Intérprete chega aos 61 anos com raízes no passado musical, mas antenada com a nova geração

Figura ímpar da música brasileira, pela alta carga de dramaticidade que imprime a cada canção, a cantora baiana Maria Bethânia chega aos 61 anos, nesta segunda-feira, 18 de junho, ostentando o título de única diva em atividade da MPB. Isto porque é a única de sua geração que está no auge da carreira. Ao mesmo tempo em que se permite cantar os clássicos de autores do passado, ela também se mostra uma das melhores intérpretes dos grandes compositores de sua geração, destacando o irmão Caetano Veloso e Chico Buarque de Hollanda. Bethânia ainda consegue coerência quando abriga a nova geração sob seu canto. Ana Carolina, Arnaldo Antunes, Adriana Calcanhotto, Chico César, Vanessa da Mata e Lenine estão entre os que lhe deram o passaporte para a contemporaneidade, ao compor enxergando sua interpretação.

Além de colegas de ofício, muitos são os que se rendem à sua majestade.

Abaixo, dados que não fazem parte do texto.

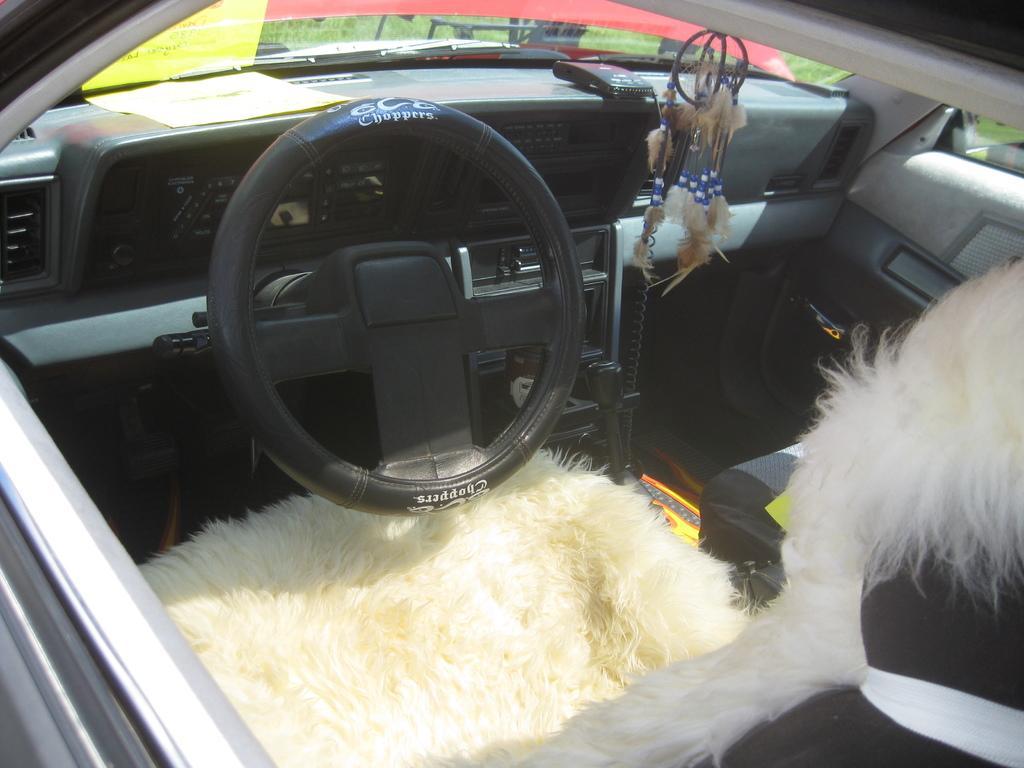How would you summarize this image in a sentence or two? In this image, I can see the inside view of a car with a steering wheel, hand gear, seats, auto gauge, dashboard and doors.

Em terras brasileiras, Bethânia se tornou a primeira mulher a superar a marca de 1 milhão de cópias vendidas de um álbum (Álibi, de 1978). Ainda hoje, detém o título de segunda artista feminina que mais vendeu discos na história do Brasil, com 24 milhões de cópias. O primeiro lugar foi cedido pelo público infantil à apresentadora Xuxa, que alcançou 30 milhões de cópias. No site de relacionamento Orkut, são mais de 180 comunidades dedicadas à cantora, algumas nada modestas, como “Bethânia – entidade de luz”.

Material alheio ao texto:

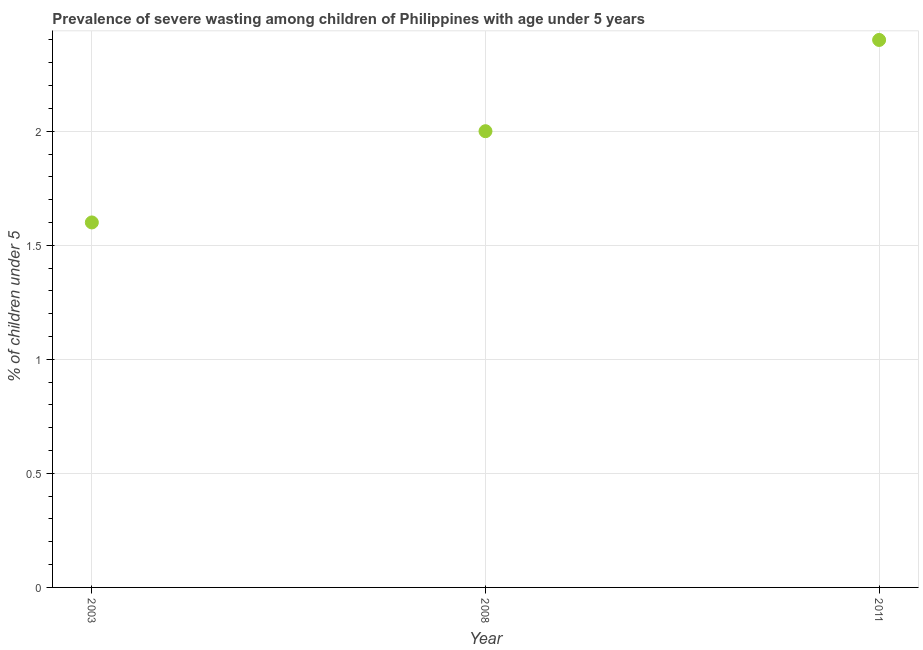What is the prevalence of severe wasting in 2003?
Offer a very short reply. 1.6. Across all years, what is the maximum prevalence of severe wasting?
Your answer should be compact. 2.4. Across all years, what is the minimum prevalence of severe wasting?
Provide a succinct answer. 1.6. In which year was the prevalence of severe wasting minimum?
Keep it short and to the point. 2003. What is the sum of the prevalence of severe wasting?
Ensure brevity in your answer.  6. What is the difference between the prevalence of severe wasting in 2003 and 2011?
Give a very brief answer. -0.8. What is the average prevalence of severe wasting per year?
Make the answer very short. 2. Do a majority of the years between 2011 and 2008 (inclusive) have prevalence of severe wasting greater than 1.8 %?
Your answer should be compact. No. What is the ratio of the prevalence of severe wasting in 2003 to that in 2008?
Ensure brevity in your answer.  0.8. Is the difference between the prevalence of severe wasting in 2003 and 2011 greater than the difference between any two years?
Provide a succinct answer. Yes. What is the difference between the highest and the second highest prevalence of severe wasting?
Give a very brief answer. 0.4. What is the difference between the highest and the lowest prevalence of severe wasting?
Your answer should be compact. 0.8. How many dotlines are there?
Provide a succinct answer. 1. How many years are there in the graph?
Offer a terse response. 3. What is the difference between two consecutive major ticks on the Y-axis?
Provide a succinct answer. 0.5. Are the values on the major ticks of Y-axis written in scientific E-notation?
Your response must be concise. No. Does the graph contain grids?
Offer a very short reply. Yes. What is the title of the graph?
Ensure brevity in your answer.  Prevalence of severe wasting among children of Philippines with age under 5 years. What is the label or title of the Y-axis?
Give a very brief answer.  % of children under 5. What is the  % of children under 5 in 2003?
Your response must be concise. 1.6. What is the  % of children under 5 in 2008?
Ensure brevity in your answer.  2. What is the  % of children under 5 in 2011?
Offer a terse response. 2.4. What is the difference between the  % of children under 5 in 2003 and 2008?
Give a very brief answer. -0.4. What is the difference between the  % of children under 5 in 2003 and 2011?
Your answer should be very brief. -0.8. What is the ratio of the  % of children under 5 in 2003 to that in 2011?
Offer a very short reply. 0.67. What is the ratio of the  % of children under 5 in 2008 to that in 2011?
Offer a terse response. 0.83. 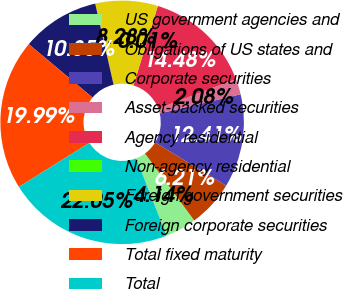Convert chart to OTSL. <chart><loc_0><loc_0><loc_500><loc_500><pie_chart><fcel>US government agencies and<fcel>Obligations of US states and<fcel>Corporate securities<fcel>Asset-backed securities<fcel>Agency residential<fcel>Non-agency residential<fcel>Foreign government securities<fcel>Foreign corporate securities<fcel>Total fixed maturity<fcel>Total<nl><fcel>4.14%<fcel>6.21%<fcel>12.41%<fcel>2.08%<fcel>14.48%<fcel>0.01%<fcel>8.28%<fcel>10.35%<fcel>19.99%<fcel>22.05%<nl></chart> 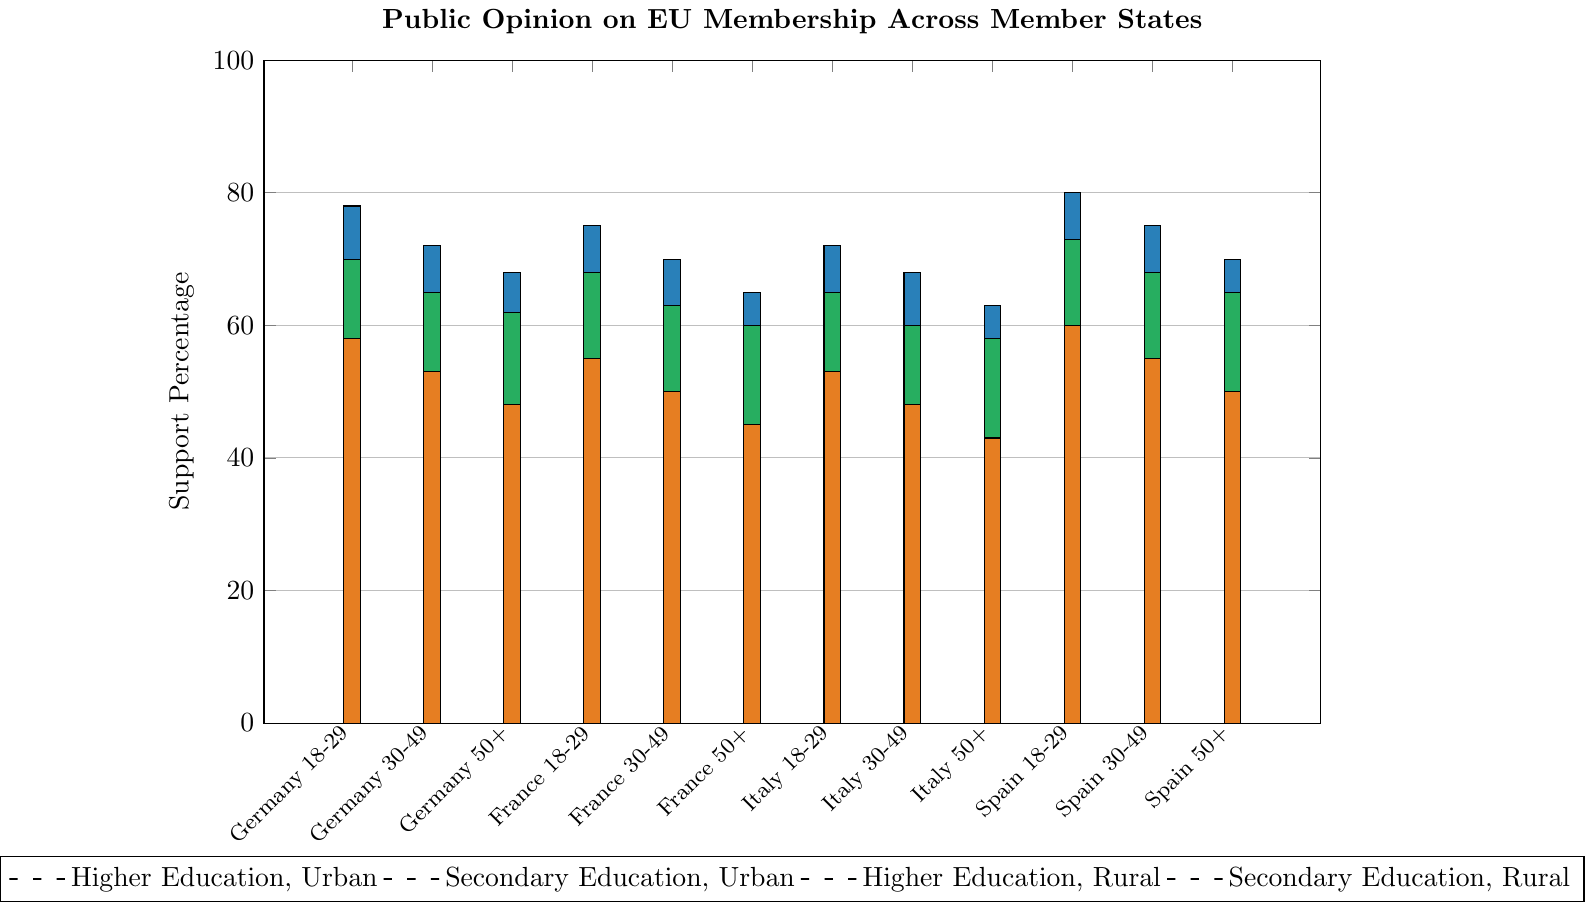What is the highest support percentage for EU membership among all age and education groups in Spain? The highest support percentage in Spain occurs for individuals aged 18-29 with higher education, urban residents.
Answer: 80 How does the support percentage for EU membership among Germany's 50+ age group with higher education in urban areas compare to the same demographic group in rural areas? The support percentage for the 50+ age group with higher education in urban areas is 68%, while in rural areas it is 62%. Comparing these, urban areas have a higher support percentage by 6%.
Answer: Urban areas have 6% higher support Which country and age group with secondary education in urban areas shows the lowest support for EU membership? Among countries and age groups with secondary education in urban areas, the lowest support percentage for EU membership is for Italy's 50+ age group (50%).
Answer: Italy 50+ How much greater is the support percentage for EU membership among France's 18-29 age group with higher education in urban areas compared to Germany's 30-49 age group with secondary education in rural areas? The support percentage for France's 18-29 age group with higher education in urban areas is 75%, while for Germany's 30-49 age group with secondary education in rural areas it is 53%. The difference is 75% - 53% = 22%.
Answer: 22% Which countries show higher support for EU membership in rural areas compared to urban areas for the 30-49 age group with higher education? For the 30-49 age group with higher education, both Germany (65% rural vs 60% urban), France (63% rural vs 58% urban), and Italy (60% rural vs 55% urban) show higher support for EU membership in rural areas compared to urban areas. Spain shows equal support (68% urban and rural).
Answer: Germany, France, and Italy Compare the support for EU membership between rural and urban areas for the 50+ age group with secondary education in Spain. Is the support higher in rural areas? The support percentage for the 50+ age group with secondary education in urban areas of Spain is 50%, while it is 50% in rural areas. The support is equal in urban and rural areas.
Answer: Support is equal What is the average support percentage for EU membership among all age groups in Italy with secondary education in rural areas? The support percentages for Italy's 18-29, 30-49, and 50+ age groups with secondary education in rural areas are 53%, 48%, and 43%. The average is calculated as (53 + 48 + 43) / 3 = 48%.
Answer: 48% Which group has the highest discrepancy in support for EU membership between urban and rural areas within the same age and education category? Looking at the discrepancies, the highest difference is for the 30-49 age group with secondary education in Germany (60% urban vs 53% rural), a difference of 7%.
Answer: Germany 30-49, Secondary Education How does support for EU membership in urban areas for the 18-29 age group with secondary education compare between France and Italy? The support percentage for the 18-29 age group with secondary education in urban areas is 62% in France and 60% in Italy. France shows higher support by 2%.
Answer: France by 2%

O reconhecimento internacional ao seu talento pode ser expresso na comparação, feita pelo jornal americanoThe New Times, em 1998, entre ela, Billie Holiday e Edith Piaf, sendo estas últimas duas das maiores intérpretes da música mundial.

Tudo isso pode ser apontado como resultado da coesão de seus 44 anos de carreira. Ao reverenciar compositores atuais ou do passado, Maria Bethânia torna uniforme um repertório que, a princípio, poderia ser considerado desconexo. Com seu timbre firme e a interpretação dramática, ela praticamente se torna co-autora das canções que entoa. Para os fãs, essas características lhe tornam a última cantora de uma linhagem descendente das “rainhas do rádio”. Os que não gostam do estilo já lhe deram a chancela de “cantora de churrascaria”.

Em sua trajetória, Bethânia nunca se rendeu a movimentos musicais e só cantou o que quis. Por isso, brigou com executivos de diversas gravadoras até chegar à independente Biscoito Fino, em 2002, onde aproveita da liberdade para realizar projetos conceituais e corajosos, como Brasileirinho (em que revê a trajetória de formação ultural da nossa gente) e Mar de Sophia e Pirata, estes lançados simultaneamente em 2007, tendo a água do salgada e a água doce como mote criativo.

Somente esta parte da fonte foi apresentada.